New and returning DFS Council members vote to give personnel powers back to city manager

By REID TUCKER
Newly elected DeFuniak Springs City Councilwoman Janie Griffith wasted no time getting to work, successfully passing a motion to return hiring and firing powers to the city manager’s office.
Griffith, along with reelected Councilman Ron Kelley and returning members Henry Ennis and Mac Carpenter, voted in favor of her proposal at the April 27 meeting, giving city manager officeholders the authority to hire or terminate employees for positions funded in the current budget. Unfunded or altogether new positions will still have to be approved by the Council, just as under the previous city policy. Griffith said her effort to restore these powers to the city manager was just her way of living up to a campaign promise.
“I feel like we have very capable administrative people,” she said. “They are put in positions they’re in for a good reason, because we all trust them and we feel like they can handle the responsibilities (of their offices).”
Only Councilman Kermit Wright, himself installed to another four-year term along with Kelley and City Marshal Mark Weeks after their successful bids for reelection, opposed Griffith’s motion. His reason for supporting the previous hiring and firing policy was that past personnel conflicts between City Councils and department heads lead to personal conflicts, and the way the situation was rectified was to bring supervisor’s employee recommendations before the board from the start. Wright said the Council almost always approved the recommendations of supervisors to hire or fire employees, but the Council’s authority to make the final determination in such matters added an extra layer of transparency to the proceedings.
“As long as the supervisors knew that it was going to come before the Council to be scrutinized it made them think long and hard before they took the action,” Wright said.
Carpenter tried to take things a step further by making a motion to put the city manager in charge of pay changes for employees as well – once again, provided that the position in question is budgeted – but the other board members didn’t get on-board. His motion failed for lack of a second.
The other big change proposed on the night of the meeting was a series of new rules impacting deadlines for the completion of meeting agenda packets and, additionally, when the agenda would be published. Kelley got unanimous approval from the rest of the board on a motion calling for agendas to be published by the Wednesday prior to City Council meetings, held the second and fourth Mondays of each month. Furthermore, the cut-off for compiling agendas will now be set for noon on the Monday the week before a meeting.
Kelley’s reasoning was to give board members and the public as much time as possible to review items on the docket at the next Council meeting while still taking into account the busy schedules of city staffers that put together the agenda every week. Carpenter pushed for a 5 p.m. Monday publishing deadline instead, citing his own experiences as a Walton County employee as evidence that such a plan was doable despite staff workloads.

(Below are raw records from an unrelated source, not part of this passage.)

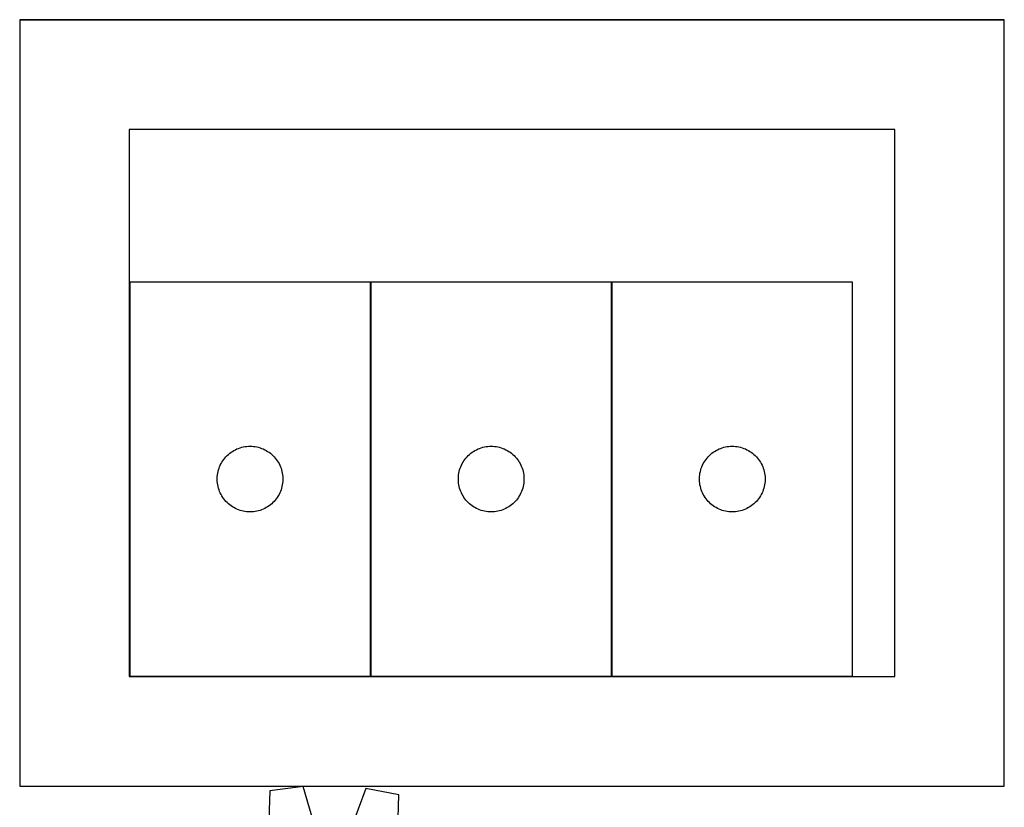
# Model space of a CAD drawing. Header units: millimetres. Extents: x 7 to 1493, y 7 to 2993.
# Tile 7 of 16: x 7 to 457, y 1058 to 1418. Entities that reach past the tile are written whole.
import ezdxf

# ---------------------------------------------------------------- set-up
doc = ezdxf.new("R2010")
doc.units = ezdxf.units.MM
doc.layers.add('COMMON', color=5, linetype='CONTINUOUS', true_color=0x0000ff)
doc.layers.add('CUT', color=7, linetype='CONTINUOUS', true_color=0x000000)

msp = doc.modelspace()

# ---------------------------------------------------------------- linework, layer by layer
at = {"layer": 'COMMON'}
for p, q in [((6.972855, 1417.59438), (456.594925, 1417.59438)), ((167.348032, 1297.735826), (167.348032, 1117.735826)), ((277.548033, 1297.735826), (277.548033, 1117.735826))]:
    msp.add_line(p, q, dxfattribs=at)
at = {"layer": 'CUT'}
for p, q in [((456.972855, 1417.49438), (6.972855, 1417.49438)), ((6.972855, 1417.49438), (6.972855, 1067.49438)), ((456.972855, 1067.49438), (456.972855, 1417.49438)), ((406.972855, 1367.49438), (56.972855, 1367.49438)), ((56.972855, 1367.49438), (56.972855, 1117.49438)), ((406.972855, 1117.49438), (406.972855, 1367.49438)), ((167.248032, 1297.735826), (57.248032, 1297.735826)), ((57.248032, 1297.735826), (57.248032, 1117.735826)), ((167.248032, 1117.735826), (167.248032, 1297.735826)), ((277.448033, 1297.735826), (167.448033, 1297.735826)), ((167.448033, 1297.735826), (167.448033, 1117.735826)), ((277.448033, 1117.735826), (277.448033, 1297.735826)), ((387.648034, 1297.735826), (277.648034, 1297.735826)), ((277.648034, 1297.735826), (277.648034, 1117.735826)), ((387.648034, 1117.735826), (387.648034, 1297.735826)), ((102.938889, 1219.497623), (103.556715, 1219.961251)), ((103.556715, 1219.961251), (104.197589, 1220.39246)), ((104.197589, 1220.39246), (104.859811, 1220.790105)), ((104.859811, 1220.790105), (105.541625, 1221.153133)), ((105.541625, 1221.153133), (106.241223, 1221.48058)), ((106.241223, 1221.48058), (106.95675, 1221.771579)), ((106.95675, 1221.771579), (107.686309, 1222.025357)), ((107.686309, 1222.025357), (108.427965, 1222.241242)), ((108.427965, 1222.241242), (109.179751, 1222.418662)), ((109.179751, 1222.418662), (109.939673, 1222.557145)), ((109.939673, 1222.557145), (110.705717, 1222.656324)), ((110.705717, 1222.656324), (111.47585, 1222.715938)), ((111.47585, 1222.715938), (112.248032, 1222.735826)), ((112.248032, 1222.735826), (113.020213, 1222.715938)), ((113.020213, 1222.715938), (113.790347, 1222.656324)), ((113.790347, 1222.656324), (114.55639, 1222.557145)), ((114.55639, 1222.557145), (115.316313, 1222.418662)), ((115.316313, 1222.418662), (116.068098, 1222.241242)), ((116.068098, 1222.241242), (116.809754, 1222.025357)), ((116.809754, 1222.025357), (117.539313, 1221.771579)), ((117.539313, 1221.771579), (118.25484, 1221.48058)), ((118.25484, 1221.48058), (118.954438, 1221.153133)), ((118.954438, 1221.153133), (119.636253, 1220.790105)), ((119.636253, 1220.790105), (120.298475, 1220.39246)), ((120.298475, 1220.39246), (120.939348, 1219.961251)), ((120.939348, 1219.961251), (121.557174, 1219.497623)), ((213.13889, 1219.497623), (213.756716, 1219.961251)), ((213.756716, 1219.961251), (214.39759, 1220.39246)), ((214.39759, 1220.39246), (215.059812, 1220.790105)), ((215.059812, 1220.790105), (215.741626, 1221.153133)), ((215.741626, 1221.153133), (216.441224, 1221.48058)), ((216.441224, 1221.48058), (217.156751, 1221.771579)), ((217.156751, 1221.771579), (217.88631, 1222.025357)), ((217.88631, 1222.025357), (218.627966, 1222.241242)), ((218.627966, 1222.241242), (219.379752, 1222.418662)), ((219.379752, 1222.418662), (220.139674, 1222.557145)), ((220.139674, 1222.557145), (220.905718, 1222.656324)), ((220.905718, 1222.656324), (221.675851, 1222.715938)), ((221.675851, 1222.715938), (222.448033, 1222.735826)), ((222.448033, 1222.735826), (223.220214, 1222.715938)), ((223.220214, 1222.715938), (223.990348, 1222.656324)), ((223.990348, 1222.656324), (224.756391, 1222.557145)), ((224.756391, 1222.557145), (225.516314, 1222.418662)), ((225.516314, 1222.418662), (226.268099, 1222.241242)), ((226.268099, 1222.241242), (227.009755, 1222.025357)), ((227.009755, 1222.025357), (227.739314, 1221.771579)), ((227.739314, 1221.771579), (228.454841, 1221.48058)), ((228.454841, 1221.48058), (229.154439, 1221.153133)), ((229.154439, 1221.153133), (229.836254, 1220.790105)), ((229.836254, 1220.790105), (230.498476, 1220.39246)), ((230.498476, 1220.39246), (231.139349, 1219.961251)), ((231.139349, 1219.961251), (231.757175, 1219.497623)), ((323.338891, 1219.497623), (323.956717, 1219.961251)), ((323.956717, 1219.961251), (324.597591, 1220.39246)), ((324.597591, 1220.39246), (325.259813, 1220.790105)), ((325.259813, 1220.790105), (325.941627, 1221.153133)), ((325.941627, 1221.153133), (326.641225, 1221.48058)), ((326.641225, 1221.48058), (327.356752, 1221.771579)), ((327.356752, 1221.771579), (328.086311, 1222.025357)), ((328.086311, 1222.025357), (328.827967, 1222.241242)), ((328.827967, 1222.241242), (329.579753, 1222.418662)), ((329.579753, 1222.418662), (330.339675, 1222.557145)), ((330.339675, 1222.557145), (331.105719, 1222.656324)), ((331.105719, 1222.656324), (331.875852, 1222.715938)), ((331.875852, 1222.715938), (332.648034, 1222.735826)), ((332.648034, 1222.735826), (333.420215, 1222.715938)), ((333.420215, 1222.715938), (334.190349, 1222.656324)), ((334.190349, 1222.656324), (334.956392, 1222.557145)), ((334.956392, 1222.557145), (335.716315, 1222.418662)), ((335.716315, 1222.418662), (336.4681, 1222.241242)), ((336.4681, 1222.241242), (337.209756, 1222.025357)), ((337.209756, 1222.025357), (337.939315, 1221.771579)), ((337.939315, 1221.771579), (338.654842, 1221.48058)), ((338.654842, 1221.48058), (339.35444, 1221.153133)), ((339.35444, 1221.153133), (340.036255, 1220.790105)), ((340.036255, 1220.790105), (340.698477, 1220.39246)), ((340.698477, 1220.39246), (341.33935, 1219.961251)), ((341.33935, 1219.961251), (341.957176, 1219.497623)), ((99.00785, 1214.785477), (99.388312, 1215.457718)), ((99.388312, 1215.457718), (99.802876, 1216.109482)), ((99.802876, 1216.109482), (100.250443, 1216.739041)), ((100.250443, 1216.739041), (100.729825, 1217.344724)), ((100.729825, 1217.344724), (101.239751, 1217.924926)), ((101.239751, 1217.924926), (101.778869, 1218.478109)), ((101.778869, 1218.478109), (102.34575, 1219.002805)), ((102.34575, 1219.002805), (102.938889, 1219.497623)), ((121.557174, 1219.497623), (122.150313, 1219.002805)), ((122.150313, 1219.002805), (122.717194, 1218.478109)), ((122.717194, 1218.478109), (123.256312, 1217.924926)), ((123.256312, 1217.924926), (123.766238, 1217.344724)), ((123.766238, 1217.344724), (124.24562, 1216.739041)), ((124.24562, 1216.739041), (124.693187, 1216.109482)), ((124.693187, 1216.109482), (125.107751, 1215.457718)), ((125.107751, 1215.457718), (125.488214, 1214.785477)), ((209.207851, 1214.785477), (209.588313, 1215.457718)), ((209.588313, 1215.457718), (210.002877, 1216.109482)), ((210.002877, 1216.109482), (210.450444, 1216.739041)), ((210.450444, 1216.739041), (210.929826, 1217.344724)), ((210.929826, 1217.344724), (211.439752, 1217.924926)), ((211.439752, 1217.924926), (211.97887, 1218.478109)), ((211.97887, 1218.478109), (212.545751, 1219.002805)), ((212.545751, 1219.002805), (213.13889, 1219.497623)), ((231.757175, 1219.497623), (232.350314, 1219.002805)), ((232.350314, 1219.002805), (232.917195, 1218.478109)), ((232.917195, 1218.478109), (233.456313, 1217.924926)), ((233.456313, 1217.924926), (233.966239, 1217.344724)), ((233.966239, 1217.344724), (234.445621, 1216.739041)), ((234.445621, 1216.739041), (234.893188, 1216.109482)), ((234.893188, 1216.109482), (235.307752, 1215.457718)), ((235.307752, 1215.457718), (235.688215, 1214.785477)), ((319.407852, 1214.785477), (319.788314, 1215.457718)), ((319.788314, 1215.457718), (320.202878, 1216.109482)), ((320.202878, 1216.109482), (320.650445, 1216.739041)), ((320.650445, 1216.739041), (321.129827, 1217.344724)), ((321.129827, 1217.344724), (321.639753, 1217.924926)), ((321.639753, 1217.924926), (322.178871, 1218.478109)), ((322.178871, 1218.478109), (322.745752, 1219.002805)), ((322.745752, 1219.002805), (323.338891, 1219.497623)), ((341.957176, 1219.497623), (342.550315, 1219.002805)), ((342.550315, 1219.002805), (343.117196, 1218.478109)), ((343.117196, 1218.478109), (343.656314, 1217.924926)), ((343.656314, 1217.924926), (344.16624, 1217.344724)), ((344.16624, 1217.344724), (344.645622, 1216.739041)), ((344.645622, 1216.739041), (345.093189, 1216.109482)), ((345.093189, 1216.109482), (345.507753, 1215.457718)), ((345.507753, 1215.457718), (345.888216, 1214.785477)), ((97.491062, 1210.425038), (97.649066, 1211.181142)), ((97.649066, 1211.181142), (97.845783, 1211.928111)), ((97.845783, 1211.928111), (98.080693, 1212.663962)), ((98.080693, 1212.663962), (98.353172, 1213.386745)), ((98.353172, 1213.386745), (98.662498, 1214.094542)), ((98.662498, 1214.094542), (99.00785, 1214.785477)), ((125.488214, 1214.785477), (125.833566, 1214.094542)), ((125.833566, 1214.094542), (126.142891, 1213.386745)), ((126.142891, 1213.386745), (126.41537, 1212.663962)), ((126.41537, 1212.663962), (126.65028, 1211.928111)), ((126.65028, 1211.928111), (126.846997, 1211.181142)), ((126.846997, 1211.181142), (127.005001, 1210.425038)), ((207.691063, 1210.425038), (207.849067, 1211.181142)), ((207.849067, 1211.181142), (208.045784, 1211.928111)), ((208.045784, 1211.928111), (208.280694, 1212.663962)), ((208.280694, 1212.663962), (208.553173, 1213.386745)), ((208.553173, 1213.386745), (208.862499, 1214.094542)), ((208.862499, 1214.094542), (209.207851, 1214.785477)), ((235.688215, 1214.785477), (236.033567, 1214.094542)), ((236.033567, 1214.094542), (236.342892, 1213.386745)), ((236.342892, 1213.386745), (236.615371, 1212.663962)), ((236.615371, 1212.663962), (236.850281, 1211.928111)), ((236.850281, 1211.928111), (237.046998, 1211.181142)), ((237.046998, 1211.181142), (237.205002, 1210.425038)), ((317.891064, 1210.425038), (318.049068, 1211.181142)), ((318.049068, 1211.181142), (318.245785, 1211.928111)), ((318.245785, 1211.928111), (318.480695, 1212.663962)), ((318.480695, 1212.663962), (318.753174, 1213.386745)), ((318.753174, 1213.386745), (319.0625, 1214.094542)), ((319.0625, 1214.094542), (319.407852, 1214.785477)), ((345.888216, 1214.785477), (346.233568, 1214.094542)), ((346.233568, 1214.094542), (346.542893, 1213.386745)), ((346.542893, 1213.386745), (346.815372, 1212.663962)), ((346.815372, 1212.663962), (347.050282, 1211.928111)), ((347.050282, 1211.928111), (347.246999, 1211.181142)), ((347.246999, 1211.181142), (347.405003, 1210.425038)), ((97.253005, 1208.122045), (97.292769, 1208.893458)), ((97.253005, 1207.349608), (97.253005, 1208.122045)), ((97.292769, 1206.578194), (97.253005, 1207.349608)), ((97.292769, 1208.893458), (97.372191, 1209.661802)), ((97.372191, 1205.809851), (97.292769, 1206.578194)), ((97.372191, 1209.661802), (97.491062, 1210.425038)), ((127.005001, 1210.425038), (127.123872, 1209.661802)), ((127.123872, 1209.661802), (127.203294, 1208.893458)), ((127.203294, 1206.578194), (127.123872, 1205.809851)), ((127.203294, 1208.893458), (127.243059, 1208.122045)), ((127.243059, 1207.349608), (127.203294, 1206.578194)), ((127.243059, 1208.122045), (127.243059, 1207.349608)), ((207.453006, 1208.122045), (207.49277, 1208.893458)), ((207.453006, 1207.349608), (207.453006, 1208.122045)), ((207.49277, 1206.578194), (207.453006, 1207.349608)), ((207.49277, 1208.893458), (207.572192, 1209.661802)), ((207.572192, 1205.809851), (207.49277, 1206.578194)), ((207.572192, 1209.661802), (207.691063, 1210.425038)), ((237.205002, 1210.425038), (237.323873, 1209.661802)), ((237.323873, 1209.661802), (237.403295, 1208.893458)), ((237.403295, 1206.578194), (237.323873, 1205.809851)), ((237.403295, 1208.893458), (237.44306, 1208.122045)), ((237.44306, 1207.349608), (237.403295, 1206.578194)), ((237.44306, 1208.122045), (237.44306, 1207.349608)), ((317.653007, 1208.122045), (317.692771, 1208.893458)), ((317.653007, 1207.349608), (317.653007, 1208.122045)), ((317.692771, 1206.578194), (317.653007, 1207.349608)), ((317.692771, 1208.893458), (317.772193, 1209.661802)), ((317.772193, 1205.809851), (317.692771, 1206.578194)), ((317.772193, 1209.661802), (317.891064, 1210.425038)), ((347.405003, 1210.425038), (347.523874, 1209.661802)), ((347.523874, 1209.661802), (347.603296, 1208.893458)), ((347.603296, 1206.578194), (347.523874, 1205.809851)), ((347.603296, 1208.893458), (347.643061, 1208.122045)), ((347.643061, 1207.349608), (347.603296, 1206.578194)), ((347.643061, 1208.122045), (347.643061, 1207.349608)), ((97.491062, 1205.046615), (97.372191, 1205.809851)), ((97.649066, 1204.29051), (97.491062, 1205.046615)), ((97.845783, 1203.543542), (97.649066, 1204.29051)), ((98.080693, 1202.807691), (97.845783, 1203.543542)), ((98.353172, 1202.084908), (98.080693, 1202.807691)), ((98.662498, 1201.37711), (98.353172, 1202.084908)), ((126.142891, 1202.084908), (125.833566, 1201.37711)), ((126.41537, 1202.807691), (126.142891, 1202.084908)), ((126.65028, 1203.543542), (126.41537, 1202.807691)), ((126.846997, 1204.29051), (126.65028, 1203.543542)), ((127.005001, 1205.046615), (126.846997, 1204.29051)), ((127.123872, 1205.809851), (127.005001, 1205.046615)), ((207.691063, 1205.046615), (207.572192, 1205.809851)), ((207.849067, 1204.29051), (207.691063, 1205.046615)), ((208.045784, 1203.543542), (207.849067, 1204.29051)), ((208.280694, 1202.807691), (208.045784, 1203.543542)), ((208.553173, 1202.084908), (208.280694, 1202.807691)), ((208.862499, 1201.37711), (208.553173, 1202.084908)), ((236.342892, 1202.084908), (236.033567, 1201.37711)), ((236.615371, 1202.807691), (236.342892, 1202.084908)), ((236.850281, 1203.543542), (236.615371, 1202.807691)), ((237.046998, 1204.29051), (236.850281, 1203.543542)), ((237.205002, 1205.046615), (237.046998, 1204.29051)), ((237.323873, 1205.809851), (237.205002, 1205.046615)), ((317.891064, 1205.046615), (317.772193, 1205.809851)), ((318.049068, 1204.29051), (317.891064, 1205.046615)), ((318.245785, 1203.543542), (318.049068, 1204.29051)), ((318.480695, 1202.807691), (318.245785, 1203.543542)), ((318.753174, 1202.084908), (318.480695, 1202.807691)), ((319.0625, 1201.37711), (318.753174, 1202.084908)), ((346.542893, 1202.084908), (346.233568, 1201.37711)), ((346.815372, 1202.807691), (346.542893, 1202.084908)), ((347.050282, 1203.543542), (346.815372, 1202.807691)), ((347.246999, 1204.29051), (347.050282, 1203.543542)), ((347.405003, 1205.046615), (347.246999, 1204.29051)), ((347.523874, 1205.809851), (347.405003, 1205.046615)), ((99.00785, 1200.686175), (98.662498, 1201.37711)), ((99.388312, 1200.013934), (99.00785, 1200.686175)), ((99.802876, 1199.36217), (99.388312, 1200.013934)), ((100.250443, 1198.732612), (99.802876, 1199.36217)), ((100.729825, 1198.126929), (100.250443, 1198.732612)), ((101.239751, 1197.546726), (100.729825, 1198.126929)), ((101.778869, 1196.993543), (101.239751, 1197.546726)), ((123.256312, 1197.546726), (122.717194, 1196.993543)), ((123.766238, 1198.126929), (123.256312, 1197.546726)), ((124.24562, 1198.732612), (123.766238, 1198.126929)), ((124.693187, 1199.36217), (124.24562, 1198.732612)), ((125.107751, 1200.013934), (124.693187, 1199.36217)), ((125.488214, 1200.686175), (125.107751, 1200.013934)), ((125.833566, 1201.37711), (125.488214, 1200.686175)), ((209.207851, 1200.686175), (208.862499, 1201.37711)), ((209.588313, 1200.013934), (209.207851, 1200.686175)), ((210.002877, 1199.36217), (209.588313, 1200.013934)), ((210.450444, 1198.732612), (210.002877, 1199.36217)), ((210.929826, 1198.126929), (210.450444, 1198.732612)), ((211.439752, 1197.546726), (210.929826, 1198.126929)), ((211.97887, 1196.993543), (211.439752, 1197.546726)), ((233.456313, 1197.546726), (232.917195, 1196.993543)), ((233.966239, 1198.126929), (233.456313, 1197.546726)), ((234.445621, 1198.732612), (233.966239, 1198.126929)), ((234.893188, 1199.36217), (234.445621, 1198.732612)), ((235.307752, 1200.013934), (234.893188, 1199.36217)), ((235.688215, 1200.686175), (235.307752, 1200.013934)), ((236.033567, 1201.37711), (235.688215, 1200.686175)), ((319.407852, 1200.686175), (319.0625, 1201.37711)), ((319.788314, 1200.013934), (319.407852, 1200.686175)), ((320.202878, 1199.36217), (319.788314, 1200.013934)), ((320.650445, 1198.732612), (320.202878, 1199.36217)), ((321.129827, 1198.126929), (320.650445, 1198.732612)), ((321.639753, 1197.546726), (321.129827, 1198.126929)), ((322.178871, 1196.993543), (321.639753, 1197.546726)), ((343.656314, 1197.546726), (343.117196, 1196.993543)), ((344.16624, 1198.126929), (343.656314, 1197.546726)), ((344.645622, 1198.732612), (344.16624, 1198.126929)), ((345.093189, 1199.36217), (344.645622, 1198.732612)), ((345.507753, 1200.013934), (345.093189, 1199.36217)), ((345.888216, 1200.686175), (345.507753, 1200.013934)), ((346.233568, 1201.37711), (345.888216, 1200.686175)), ((102.34575, 1196.468847), (101.778869, 1196.993543)), ((102.938889, 1195.974029), (102.34575, 1196.468847)), ((103.556715, 1195.510401), (102.938889, 1195.974029)), ((104.197589, 1195.079193), (103.556715, 1195.510401)), ((104.859811, 1194.681548), (104.197589, 1195.079193)), ((105.541625, 1194.31852), (104.859811, 1194.681548)), ((106.241223, 1193.991073), (105.541625, 1194.31852)), ((106.95675, 1193.700074), (106.241223, 1193.991073)), ((107.686309, 1193.446296), (106.95675, 1193.700074)), ((108.427965, 1193.23041), (107.686309, 1193.446296)), ((109.179751, 1193.052991), (108.427965, 1193.23041)), ((109.939673, 1192.914508), (109.179751, 1193.052991)), ((110.705717, 1192.815328), (109.939673, 1192.914508)), ((111.47585, 1192.755715), (110.705717, 1192.815328)), ((112.248032, 1192.735826), (111.47585, 1192.755715)), ((113.020213, 1192.755715), (112.248032, 1192.735826)), ((113.790347, 1192.815328), (113.020213, 1192.755715)), ((114.55639, 1192.914508), (113.790347, 1192.815328)), ((115.316313, 1193.052991), (114.55639, 1192.914508)), ((116.068098, 1193.23041), (115.316313, 1193.052991)), ((116.809754, 1193.446296), (116.068098, 1193.23041)), ((117.539313, 1193.700074), (116.809754, 1193.446296)), ((118.25484, 1193.991073), (117.539313, 1193.700074)), ((118.954438, 1194.31852), (118.25484, 1193.991073)), ((119.636253, 1194.681548), (118.954438, 1194.31852)), ((120.298475, 1195.079193), (119.636253, 1194.681548)), ((120.939348, 1195.510401), (120.298475, 1195.079193)), ((121.557174, 1195.974029), (120.939348, 1195.510401)), ((122.150313, 1196.468847), (121.557174, 1195.974029)), ((122.717194, 1196.993543), (122.150313, 1196.468847)), ((212.545751, 1196.468847), (211.97887, 1196.993543)), ((213.13889, 1195.974029), (212.545751, 1196.468847)), ((213.756716, 1195.510401), (213.13889, 1195.974029)), ((214.39759, 1195.079193), (213.756716, 1195.510401)), ((215.059812, 1194.681548), (214.39759, 1195.079193)), ((215.741626, 1194.31852), (215.059812, 1194.681548)), ((216.441224, 1193.991073), (215.741626, 1194.31852)), ((217.156751, 1193.700074), (216.441224, 1193.991073)), ((217.88631, 1193.446296), (217.156751, 1193.700074)), ((218.627966, 1193.23041), (217.88631, 1193.446296)), ((219.379752, 1193.052991), (218.627966, 1193.23041)), ((220.139674, 1192.914508), (219.379752, 1193.052991)), ((220.905718, 1192.815328), (220.139674, 1192.914508)), ((221.675851, 1192.755715), (220.905718, 1192.815328)), ((222.448033, 1192.735826), (221.675851, 1192.755715)), ((223.220214, 1192.755715), (222.448033, 1192.735826)), ((223.990348, 1192.815328), (223.220214, 1192.755715)), ((224.756391, 1192.914508), (223.990348, 1192.815328)), ((225.516314, 1193.052991), (224.756391, 1192.914508)), ((226.268099, 1193.23041), (225.516314, 1193.052991)), ((227.009755, 1193.446296), (226.268099, 1193.23041)), ((227.739314, 1193.700074), (227.009755, 1193.446296)), ((228.454841, 1193.991073), (227.739314, 1193.700074)), ((229.154439, 1194.31852), (228.454841, 1193.991073)), ((229.836254, 1194.681548), (229.154439, 1194.31852)), ((230.498476, 1195.079193), (229.836254, 1194.681548)), ((231.139349, 1195.510401), (230.498476, 1195.079193)), ((231.757175, 1195.974029), (231.139349, 1195.510401)), ((232.350314, 1196.468847), (231.757175, 1195.974029)), ((232.917195, 1196.993543), (232.350314, 1196.468847)), ((322.745752, 1196.468847), (322.178871, 1196.993543)), ((323.338891, 1195.974029), (322.745752, 1196.468847)), ((323.956717, 1195.510401), (323.338891, 1195.974029)), ((324.597591, 1195.079193), (323.956717, 1195.510401)), ((325.259813, 1194.681548), (324.597591, 1195.079193)), ((325.941627, 1194.31852), (325.259813, 1194.681548)), ((326.641225, 1193.991073), (325.941627, 1194.31852)), ((327.356752, 1193.700074), (326.641225, 1193.991073)), ((328.086311, 1193.446296), (327.356752, 1193.700074)), ((328.827967, 1193.23041), (328.086311, 1193.446296)), ((329.579753, 1193.052991), (328.827967, 1193.23041)), ((330.339675, 1192.914508), (329.579753, 1193.052991)), ((331.105719, 1192.815328), (330.339675, 1192.914508)), ((331.875852, 1192.755715), (331.105719, 1192.815328)), ((332.648034, 1192.735826), (331.875852, 1192.755715)), ((333.420215, 1192.755715), (332.648034, 1192.735826)), ((334.190349, 1192.815328), (333.420215, 1192.755715)), ((334.956392, 1192.914508), (334.190349, 1192.815328)), ((335.716315, 1193.052991), (334.956392, 1192.914508)), ((336.4681, 1193.23041), (335.716315, 1193.052991)), ((337.209756, 1193.446296), (336.4681, 1193.23041)), ((337.939315, 1193.700074), (337.209756, 1193.446296)), ((338.654842, 1193.991073), (337.939315, 1193.700074)), ((339.35444, 1194.31852), (338.654842, 1193.991073)), ((340.036255, 1194.681548), (339.35444, 1194.31852)), ((340.698477, 1195.079193), (340.036255, 1194.681548)), ((341.33935, 1195.510401), (340.698477, 1195.079193)), ((341.957176, 1195.974029), (341.33935, 1195.510401)), ((342.550315, 1196.468847), (341.957176, 1195.974029)), ((343.117196, 1196.993543), (342.550315, 1196.468847)), ((56.972855, 1117.49438), (406.972855, 1117.49438)), ((57.248032, 1117.735826), (167.248032, 1117.735826)), ((167.448033, 1117.735826), (277.448033, 1117.735826)), ((277.648034, 1117.735826), (387.648034, 1117.735826)), ((6.972855, 1067.49438), (456.972855, 1067.49438)), ((136.581125, 1067.270232), (121.312759, 1065.370873)), ((145.553342, 1036.799359), (136.581125, 1067.270232)), ((121.312759, 1065.370873), (120.079521, 1033.630459)), ((165.104134, 1066.319576), (154.122928, 1036.51374)), ((180.212147, 1063.407789), (165.104134, 1066.319576)), ((179.329216, 1031.6557), (180.212147, 1063.407789))]:
    msp.add_line(p, q, dxfattribs=at)

doc.saveas('drawing.dxf')

“We had this problem at the county for years until our county administrator and our chairman of the county commission decided we weren’t going to have this problem anymore,” Carpenter said. “There was going to be a deadline. We were going to have a hard deadline for producing the agenda, and we’ve made it every single time since then.”
Griffith, a Walton County School District employee, agreed, saying that School Board agendas have to be ready for Tuesday meetings no later than the previous Thursday. If an agenda item isn’t ready by then, it simply has to wait until the next meeting to come before those respective boards, they said. City Manager Sara Bowers said a 5 p.m. Monday deadline was doable, but she did say that links for every item on the agenda would likely not be up on city website until the following day.
Carpenter’s motion failed 4-1 when put to the vote.
In other City Council meeting news, the board members approved attaching a five-question survey to monthly utilities bills mailed out in May. The survey is aimed at gathering public input as to what kinds of businesses, retail stores, entertainment or recreation venues, services and industries DeFuniak Springs residents would like to have in town. Kelley, who proposed the idea, said including the survey with utilities bills was liable to work best, as city staff would know exactly how many surveys were sent out and how many it could possibly get back from interested citizens.
“If we get these back from the citizens I think the Council certainly will have a good idea about what our people are wanting,” Kelley said. “I think we should hand those results over to our Economic Development Committee and get them to get busy on trying to contact those kinds of businesses.”
The Council also decided to extend the deadline for accepting applicants to fill the vacant city finance director position to April 30 in order to have as many choices as possible when it came time to select candidates for interviews. The board members will submit their selections by May 4, and staff will provide a list of rankings to them on May 8, the Friday before the May 11 regularly scheduled council meeting.
Finally, and at the behest of Planning Director Kelly Schultz, the Council members unanimously agreed to create a committee to evaluate the city’s existing sign ordinance, which has come under increased scrutiny of late due to its highly de-restricted regulatory approach. Each member of the Council will nominate two people to the committee. Schultz told the Council that revising the entire zoning ordinance – not just the portion related to signage – would be necessary, but this process would in all likelihood be quite time-consuming, hence the decision to tackle the sign ordinance first.